From the entries below, list each line with "Verbindung".

BEGIN

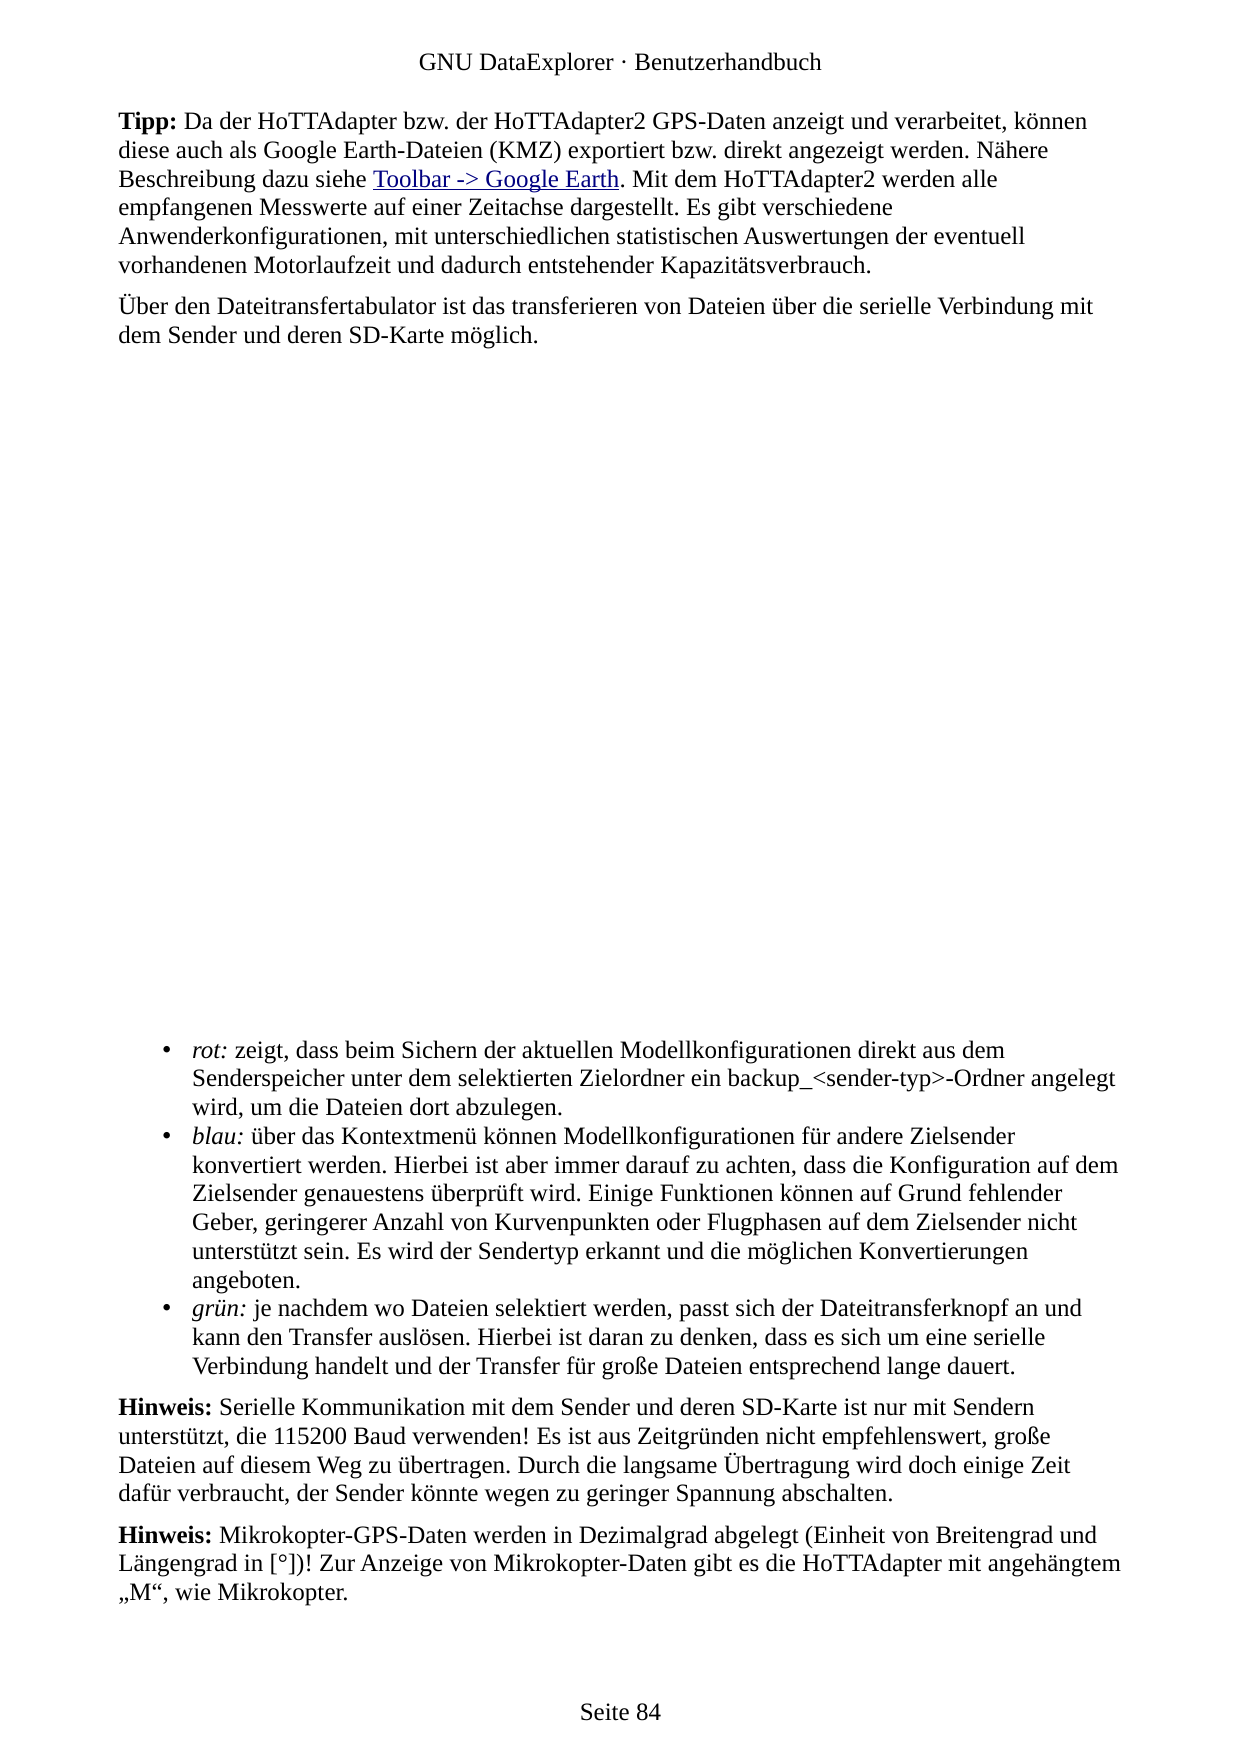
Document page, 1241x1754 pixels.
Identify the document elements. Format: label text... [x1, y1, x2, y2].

list grün: je nachdem wo Dateien selektiert werden, passt sich der Dateitransferknopf an und kann den Transfer auslösen. Hierbei ist daran zu denken, dass es sich um eine serielle Verbindung handelt und der Transfer für große Dateien entsprechend lange dauert. [162, 1293, 1122, 1380]
list rot: zeigt, dass beim Sichern der aktuellen Modellkonfigurationen direkt aus dem Senderspeicher unter dem selektierten Zielordner ein backup_<sender-typ>-Ordner angelegt wird, um die Dateien dort abzulegen. [162, 1035, 1122, 1121]
list blau: über das Kontextmenü können Modellkonfigurationen für andere Zielsender konvertiert werden. Hierbei ist aber immer darauf zu achten, dass die Konfiguration auf dem Zielsender genauestens überprüft wird. Einige Funktionen können auf Grund fehlender Geber, geringerer Anzahl von Kurvenpunkten oder Flugphasen auf dem Zielsender nicht unterstützt sein. Es wird der Sendertyp erkannt und die möglichen Konvertierungen angeboten. [162, 1121, 1122, 1293]
text Tipp: Da der HoTTAdapter bzw. der HoTTAdapter2 GPS-Daten anzeigt und verarbeitet, können diese auch als Google Earth-Dateien (KMZ) exportiert bzw. direkt angezeigt werden. Nähere Beschreibung dazu siehe Toolbar -> Google Earth. Mit dem HoTTAdapter2 werden alle empfangenen Messwerte auf einer Zeitachse dargestellt. Es gibt verschiedene Anwenderkonfigurationen, mit unterschiedlichen statistischen Auswertungen der eventuell vorhandenen Motorlaufzeit und dadurch entstehender Kapazitätsverbrauch. [118, 106, 1122, 279]
text Hinweis: Serielle Kommunikation mit dem Sender und deren SD-Karte ist nur mit Sendern unterstützt, die 115200 Baud verwenden! Es ist aus Zeitgründen nicht empfehlenswert, große Dateien auf diesem Weg zu übertragen. Durch die langsame Übertragung wird doch einige Zeit dafür verbraucht, der Sender könnte wegen zu geringer Spannung abschalten. [118, 1392, 1122, 1507]
text Über den Dateitransfertabulator ist das transferieren von Dateien über die serielle Verbindung mit dem Sender und deren SD-Karte möglich. [118, 291, 1122, 349]
text Hinweis: Mikrokopter-GPS-Daten werden in Dezimalgrad abgelegt (Einheit von Breitengrad und Längengrad in [°])! Zur Anzeige von Mikrokopter-Daten gibt es die HoTTAdapter mit angehängtem „M“, wie Mikrokopter. [118, 1520, 1122, 1606]
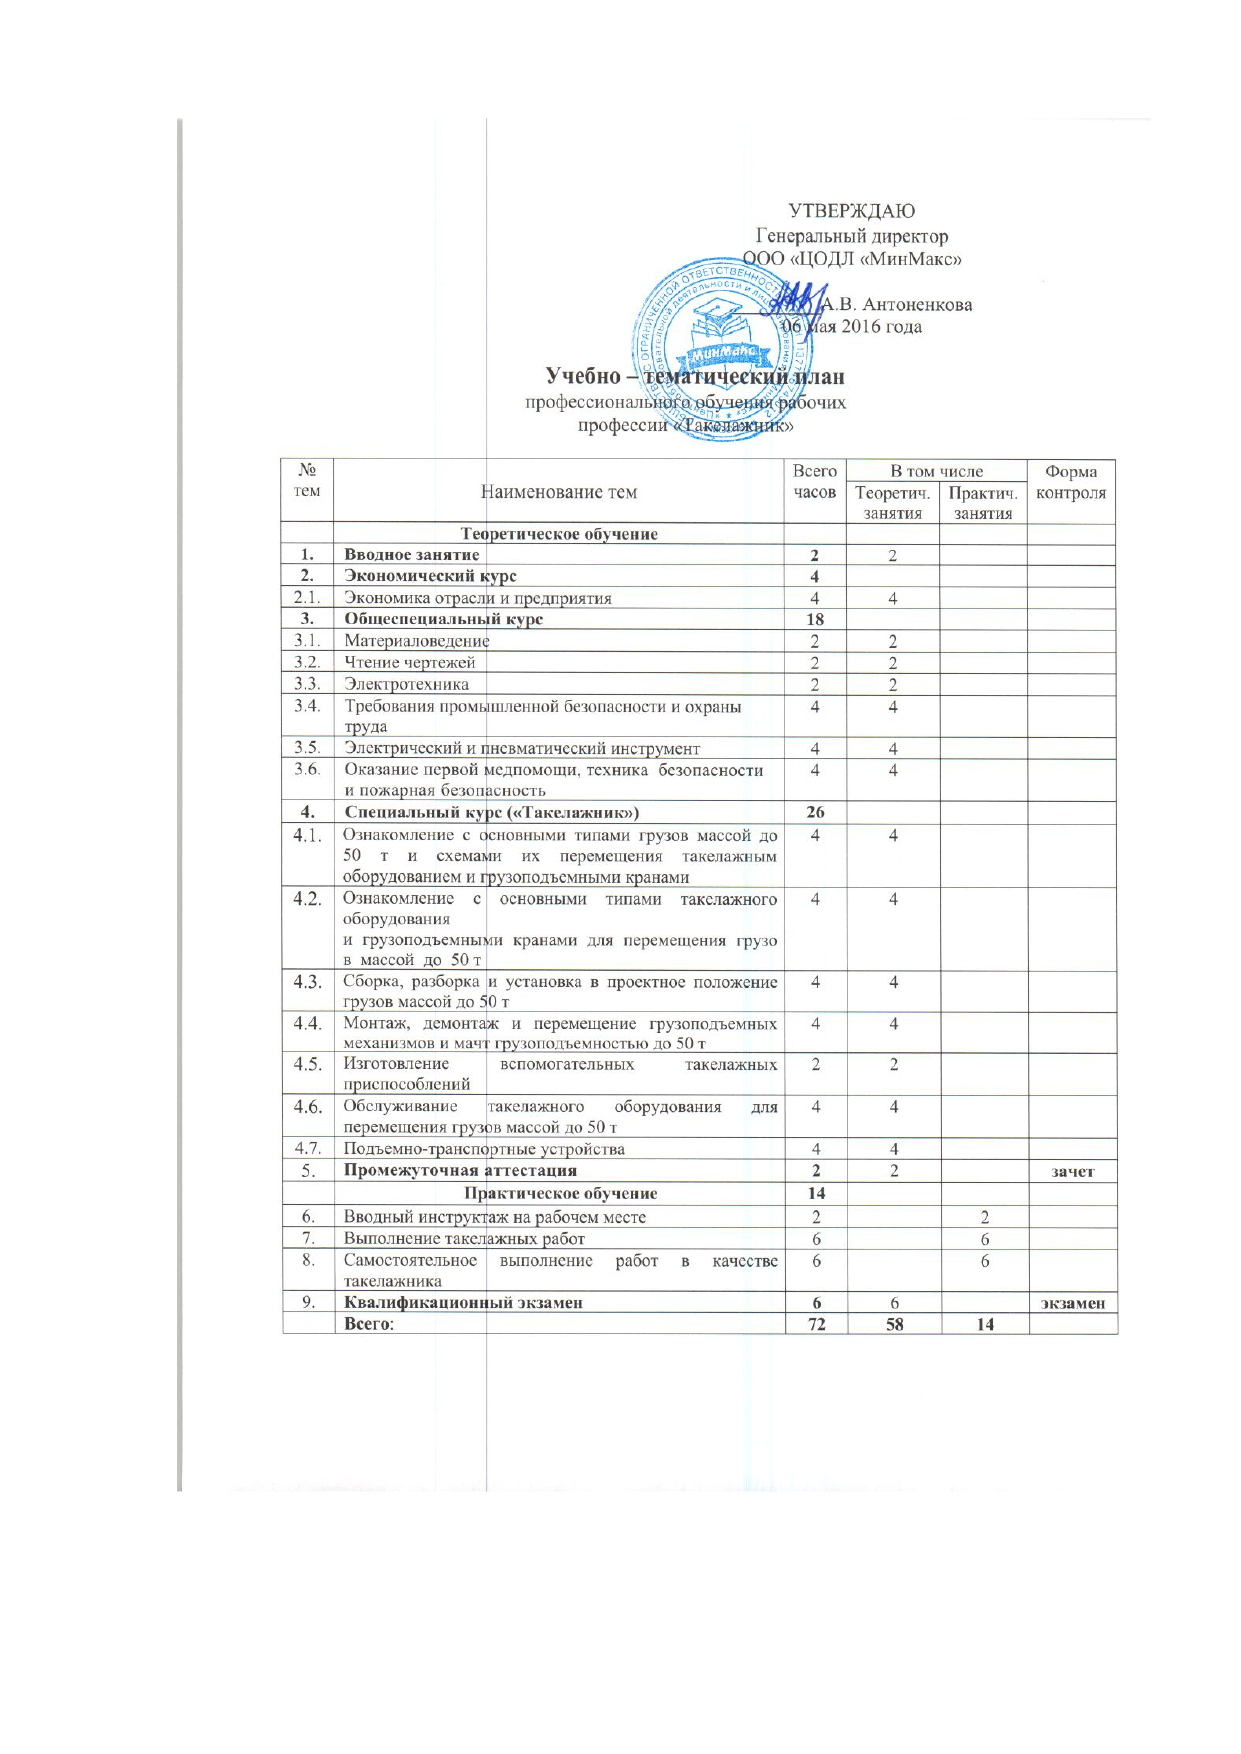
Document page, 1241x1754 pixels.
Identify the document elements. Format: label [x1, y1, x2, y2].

picture [177, 118, 1151, 1495]

END

- _Written response_:
list grün: je nachdem wo Dateien selektiert werden, passt sich der Dateitransferknopf an und kann den Transfer auslösen. Hierbei ist daran zu denken, dass es sich um eine serielle Verbindung handelt und der Transfer für große Dateien entsprechend lange dauert. [162, 1293, 1122, 1380]
text Über den Dateitransfertabulator ist das transferieren von Dateien über die serielle Verbindung mit dem Sender und deren SD-Karte möglich. [118, 291, 1122, 349]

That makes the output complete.